11. Release Gates (Definition of "Releasable as 3.1.1")
3.1.1 MUST NOT ship until ALL of the following are true at the proposed release commit. These gates are the operator-facing summary of what makes 3.1.1 releasable.
| ID | Gate |
|---|---|
| RG-1 | Init is coherent. S-1 succeeds against a fresh /tmp/ directory using a freshly built CLI from the proposed release commit. |
| RG-2 | Tasks finalize hotfix is in place. S-2 succeeds and the FR-304 regression test passes deterministically. |
| RG-3 | Planning-artifact producer is canonical. S-4 succeeds end-to-end and FR-101..FR-106 each have explicit test coverage. |
| RG-4 | New mission identity is safe. S-3 succeeds and a concurrent-create test demonstrates non-collision. |
| RG-5 | Auth refresh race is fixed. S-5 succeeds and the FR-404 regression test passes deterministically. (Release-gating per FR-405 because background sync remains enabled.) |
| RG-6 | Top-level implement is de-emphasized. S-6 succeeds: init output, README, --help text, and slash-command guidance no longer name top-level spec-kitty implement as the canonical path. The command still runs. |
| RG-7 | Repo dogfoods cleanly. S-7 succeeds at the release commit. pyproject.toml and .kittify/metadata.yaml agree on 3.1.1. The pre-release validation step from FR-602 passes. |
| RG-8 | No deferred work has leaked into the release. A scope audit confirms NG-1..NG-8 each held: no historical archaeology, no #557 sweep, no #525 redesign, no #401, no #538/#540/#542 stabilization. |
If any of RG-1..RG-8 is not met, 3.1.1 MUST NOT be tagged.

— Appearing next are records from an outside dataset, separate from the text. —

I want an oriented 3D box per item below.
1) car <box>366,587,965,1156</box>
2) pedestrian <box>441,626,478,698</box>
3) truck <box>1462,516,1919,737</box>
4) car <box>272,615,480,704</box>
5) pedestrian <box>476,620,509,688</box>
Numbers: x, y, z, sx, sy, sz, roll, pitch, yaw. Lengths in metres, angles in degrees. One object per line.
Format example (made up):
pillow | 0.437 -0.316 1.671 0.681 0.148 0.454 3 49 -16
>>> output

12. Rollout / Implementation Order
Plan and tasks phases MUST preserve this sequence. Each step takes the previous step's output as its baseline and is gated by it.

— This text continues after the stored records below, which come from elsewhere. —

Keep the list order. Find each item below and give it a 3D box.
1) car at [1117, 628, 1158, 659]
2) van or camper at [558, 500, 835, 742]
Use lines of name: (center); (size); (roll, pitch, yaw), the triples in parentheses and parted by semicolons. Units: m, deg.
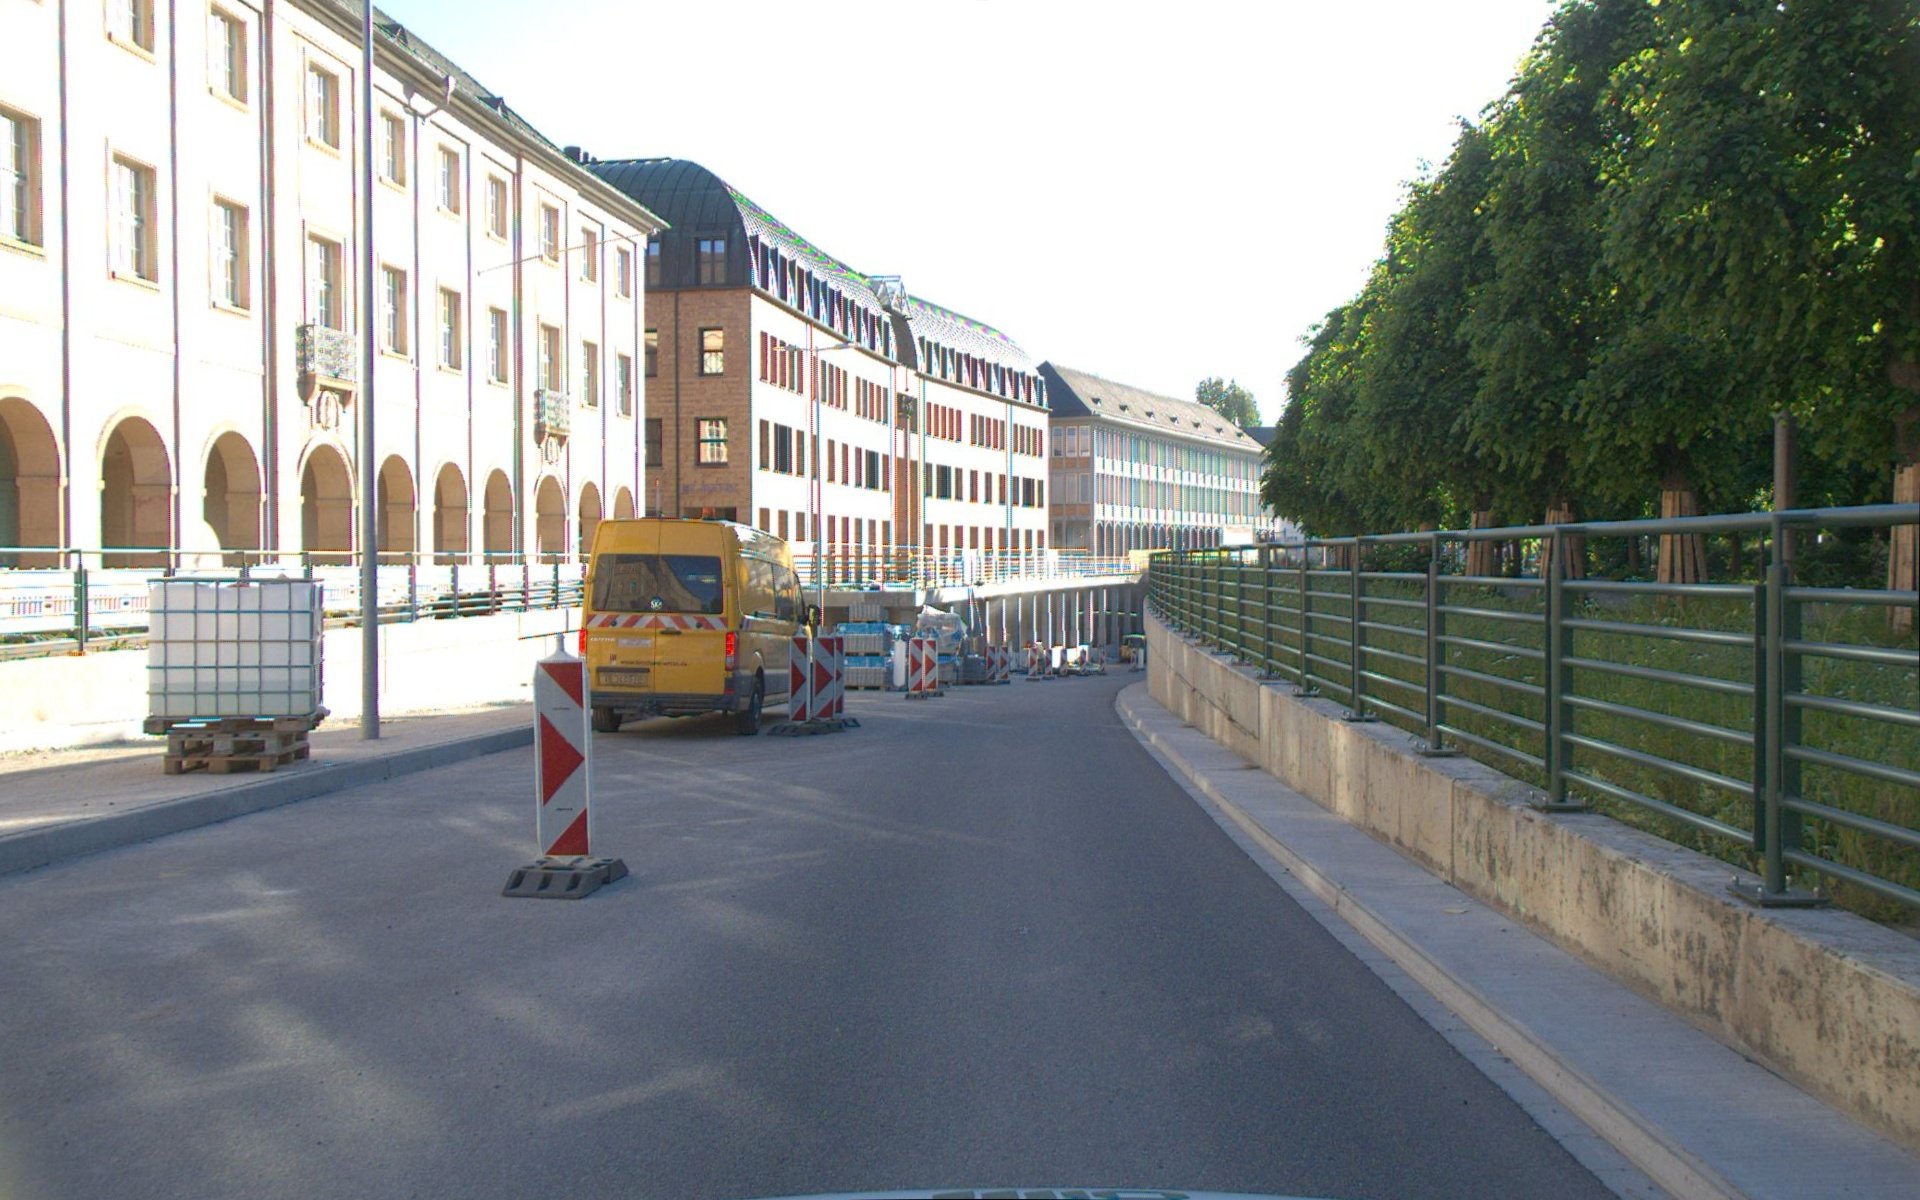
car: (11.529, 2.773, 107.281); (1.809, 1.806, 4.437); (1, 1, 17)
van or camper: (-3.249, 0.302, 22.170); (2.148, 2.658, 6.827); (2, -1, 3)

1. Baseline = #555. Treat merge commit f3d017f6 as the starting point. Do NOT redo or extend any of #555's fixes. (#551, #552, #526 are already closed by #555.) 2. Track 1: init coherence. Land the new init model first because every other track's verification eventually relies on a coherent fresh init to set up its test environment. 3. Track 4: tasks/finalize hotfix. Land the parser bound + explicit-dependencies-respect change before exercising any track that depends on finalize output. 4. Track 2: planning-artifact producer correctness. Land the canonical "first-class lane-owned, planning-lane = main checkout" model and update lane computation, then update downstream consumers added/modified in 3.1.1. 5. Track 3: new-mission identity hardening (Phase 1). Mint mission_id at creation; switch new machine-facing flows to identify by mission_id. 6. Track 5: auth refresh race fix. Lock the full refresh transaction; re-read under lock on 401 before clearing. 7. Track 6: top-level implement de-emphasis. Update init output, README, slash-command guidance, and --help text. Leave the command runnable. 8. Track 7: repo dogfooding / version coherence. Align pyproject.toml and .kittify/metadata.yaml; add the pre-release version-coherence validation step; confirm /tmp/311/spec-kitty runs the dogfood command set cleanly at the release commit. 9. (Conditional) Track H / #401. Intentionally deferred. NOT included in 3.1.1. Only revisited if release scope is explicitly expanded via a follow-up mission (per D-5).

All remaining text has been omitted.